(Source records)
>>>>>
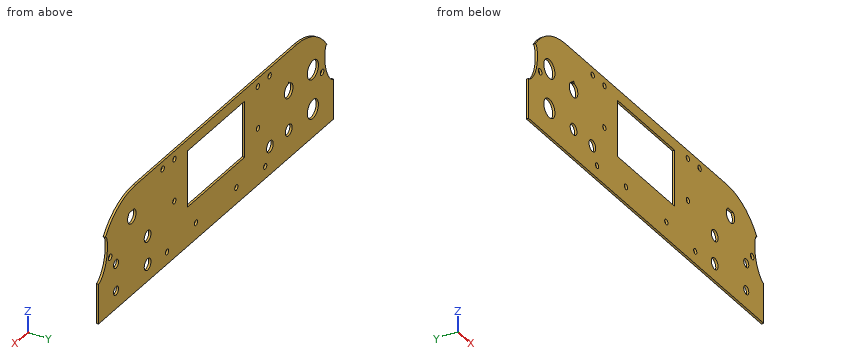
from build123d import *

# Parameters (mm, degrees)
BOSS_EXTRUDE1_DEPTH = 2.54
SKETCH2_W           = 107.95
SKETCH2_H           = 63.5
CUT_EXTRUDE1_DEPTH  = 238.771783963
CUT_EXTRUDE4_START  = -2.54
CUT_EXTRUDE4_DEPTH  = 2.54
SKETCH4_R           = 4.7625
SKETCH4_R_2         = 6.35
SKETCH4_R_3         = 10.5
SKETCH4_R_4         = 3.025
CUT_EXTRUDE3_DEPTH  = 238.771784093
SKETCH6_R           = 3.013751163
SKETCH6_R_2         = 3.176772659
SKETCH6_R_3         = 3.378822927
CUT_EXTRUDE5_DEPTH  = 238.771784093


with BuildPart() as part:
    # Sketch1 → Boss-Extrude1 (new body)
    with BuildSketch(Plane(origin=(0, 0, 0), x_dir=(1, 0, 0), z_dir=(0, 1, 0))):
        with BuildLine():
            Line((222.25, -14.612459999), (222.25, 36.187540001))
            Line((222.25, 36.187540001), (-222.25, 36.187540001))
            Line((-222.25, 36.187540001), (-222.25, -14.612459999))
            ThreePointArc((-222.25, -14.612459999), (-201.791408666, -64.003868664), (-152.4, -84.462459999))
            Line((-152.4, -84.462459999), (152.4, -84.462459999))
            ThreePointArc((152.4, -84.462459999), (201.791408666, -64.003868664), (222.25, -14.612459999))
        make_face()
    extrude(amount=BOSS_EXTRUDE1_DEPTH)

    # Sketch2 → Cut-Extrude1 (cut, through all)
    with BuildSketch(Plane(origin=(0, 2.54, 0), x_dir=(1, 0, 0), z_dir=(0, 1, 0))):
        with Locations((0, -40.012459999)):
            Rectangle(SKETCH2_W, SKETCH2_H)
    extrude(amount=-CUT_EXTRUDE1_DEPTH, mode=Mode.SUBTRACT)

    # Sketch5 → Cut-Extrude4 (cut)
    with BuildSketch(Plane(origin=(0, 2.54, 0), x_dir=(1, 0, 0), z_dir=(0, 1, 0)).offset(CUT_EXTRUDE4_START)):
        with BuildLine():
            ThreePointArc((-222.25, -14.612459999), (-218.970589391, -35.763798683), (-209.440289817, -54.929055063))
            add(Edge.make_bspline(
                [(-209.440289817, -54.929055063), (-204.823931799, -55.506078622), (-202.304901657, -25.266816537), (-219.26819847, -8.373976847), (-222.25, -8.829558466)],
                knots=[0, 0, 0, 0, 0.32580352, 0.516674914, 0.516674914, 0.516674914, 0.516674914], degree=3))
            Line((-222.25, -8.829558466), (-222.25, -14.612459999))
        make_face()
        with BuildLine():
            add(Edge.make_bspline(
                [(-222.25, -8.829558466), (-229.800526338, -9.983183543), (-216.288594077, -54.073048471), (-209.440289817, -54.929055063)],
                knots=[0.516674914, 0.516674914, 0.516674914, 0.516674914, 1, 1, 1, 1], degree=3))
            ThreePointArc((-209.440289817, -54.929055063), (-218.970589391, -35.763798683), (-222.25, -14.612459999))
            Line((-222.25, -14.612459999), (-222.25, -8.829558466))
        make_face()
        with BuildLine():
            add(Edge.make_bspline(
                [(209.440289817, -54.929055063), (204.823931799, -55.506078622), (202.304901657, -25.266816537), (235.136564978, 7.428480335), (216.288594077, -54.073048471), (209.440289817, -54.929055063)],
                knots=[0, 0, 0, 0, 0.32580352, 0.516674914, 1, 1, 1, 1], degree=3))
        make_face()
    extrude(amount=CUT_EXTRUDE4_DEPTH, mode=Mode.SUBTRACT)

    # Sketch4 → Cut-Extrude3 (cut, through all)
    with BuildSketch(Plane(origin=(0, 2.54, 0), x_dir=(1, 0, 0), z_dir=(0, 1, 0))):
        with Locations(Location((189.23, 15.867540001, 0), (0, 0, 270))):
            Circle(SKETCH4_R)
        with Locations(Location((-137.16, 4.437540001, 0), (0, 0, 270))):
            Circle(SKETCH4_R_2)
        with Locations(Location((129.54, 17.137540001, 0), (0, 0, 270))):
            Circle(SKETCH4_R_2)
        with Locations(Location((129.54, -14.612459999, 0), (0, 0, 270))):
            Circle(SKETCH4_R_2)
        with Locations(Location((189.23, -14.612459999, 0), (0, 0, 270))):
            Circle(SKETCH4_R)
        with Locations(Location((-182.88, -40.012459999, 0), (0, 0, 270))):
            Circle(SKETCH4_R_3)
        with Locations(Location((-182.88, 4.437540001, 0), (0, 0, 270))):
            Circle(SKETCH4_R_3)
        with Locations(Location((-101.6, 4.437540001, 0), (0, 0, 270))):
            Circle(SKETCH4_R_2)
        with Locations(Location((-38.130967929, 17.745240001, 0), (0, 0, 270))):
            Circle(SKETCH4_R_4)
        with Locations(Location((-79, -27.947459999, 0), (0, 0, 270))):
            Circle(SKETCH4_R_4)
        with Locations(Location((-78.7827, -75.287459999, 0), (0, 0, 270))):
            Circle(SKETCH4_R_4)
        with Locations(Location((78.7827, -75.287459999, 0), (0, 0, 270))):
            Circle(SKETCH4_R_4)
        with Locations(Location((79, -27.947459999, 0), (0, 0, 270))):
            Circle(SKETCH4_R_4)
        with Locations(Location((38.130967929, 17.745240001, 0), (0, 0, 270))):
            Circle(SKETCH4_R_4)
        with BuildLine():
            Line((-138.01, -48.067737772), (-138.01, -49.812459999))
            Line((-138.01, -49.812459999), (-136.31, -49.812459999))
            Line((-136.31, -49.812459999), (-136.31, -48.067737772))
            ThreePointArc((-136.31, -48.067737772), (-137.16, -31.912459999), (-138.01, -48.067737772))
        make_face()
        with BuildLine():
            Line((164.1475, -59.062459999), (154.6225, -59.062459999))
            ThreePointArc((154.6225, -59.062459999), (159.385, -44.774959999), (164.1475, -59.062459999))
        make_face()
    extrude(amount=-CUT_EXTRUDE3_DEPTH, mode=Mode.SUBTRACT)

    # Sketch6 → Cut-Extrude5 (cut, through all)
    with BuildSketch(Plane.XZ):
        with Locations(Location((92.768348893, -22.335077387, 0), (0, 0, 270))):
            Circle(SKETCH6_R)
        with Locations(Location((101.056164591, 75.862981341, 0), (0, 0, 270))):
            Circle(SKETCH6_R_2)
        with Locations(Location((200.350154748, 27.883658386, 0), (0, 0, 270))):
            Circle(SKETCH6_R_3)
        with Locations(Location((-92.768348893, -22.335077387, 0), (0, 0, 90))):
            Circle(SKETCH6_R)
        with Locations(Location((-200.350154748, 27.883658386, 0), (0, 0, 90))):
            Circle(SKETCH6_R_3)
        with Locations(Location((-101.056164591, 75.862981341, 0), (0, 0, 90))):
            Circle(SKETCH6_R_2)
    extrude(amount=-CUT_EXTRUDE5_DEPTH, mode=Mode.SUBTRACT)


solid = part.part
Source: CAD feature listing. Evaluate the final solid. Frame: model axes, mm. Round coordinates to 2 decimals unless told otherwise and drop trailing zeros. Write each loop counter-clockwise with the first axis right and the second up, starting at its lowest first coordinate (ties: lowest second). Pieces come first, ordered by that corner, then holes. Notation, with made-up numbers: (50.25, 45) - (79.25, 45) arc R20 cw to (79.25, 49) - close; hole circle Ø8 at (1, 74.25). An arc over 180 degrees is marked (long way). Use CSV: the item, a comma, the result in double quotes. Start each with the question number.
(1) Cut plane A-A, the plane x = 189.23. Return loops of the section in (y, z), and give its area (3 significant figures).
(2) Material intervals for probe 1 along Z at (x, y) = (-142, 0.1); probe 2 along X at (y, z) = (2.25, 15) (3 decimals); probe 3 along Z at (x, y) = (-43, 0.95), sorted ascending. Write a range as [from, to].
(3) Cut plane C-C, the plane y = 0.9. Give the number of separate pieces and of enclosed holes in the cut face, and give its area (3 significant figures).
(4) Cut plane B-B, the plane x = -182.88. Return loops of the section in (y, z).
(5) First-contact query: pin 1 Ø0.9 at (y, z) = (2, 49) entering from +X. Flat tip, straight axial feed; report the tip coordinate or a pass-through.
Geometry says:
1,outline,"(0, -36.19) - (2.54, -36.19) - (2.54, -20.63) - (0, -20.63) - close; (0, -11.11) - (2.54, -11.11) - (2.54, 9.85) - (0, 9.85) - close; (0, 19.37) - (2.54, 19.37) - (2.54, 73.96) - (0, 73.96) - close"
1,area,"231 mm²"
2,probe 1,"[-36.19, -8.55], [-0.33, 33.52], [46.51, 84.46]"
2,probe 2,"[-213.973, -53.975], [53.975, 123.202], [135.878, 184.483], [193.977, 213.973]"
2,probe 3,"[-36.19, 8.26], [71.76, 84.46]"
3,separate pieces,"1"
3,enclosed holes,"23"
3,area,"41,700 mm²"
4,outline,"(0, -36.19) - (2.54, -36.19) - (2.54, -14.94) - (0, -14.94) - close; (0, 6.06) - (2.54, 6.06) - (2.54, 29.51) - (0, 29.51) - close; (0, 50.51) - (2.54, 50.51) - (2.54, 77.46) - (0, 77.46) - close"
5,pin 1,"x = 205.92"
<<<<<
Problem statement
Report how many lines above hold the string "figures", giving nothing but the number.

Answer to this problem
2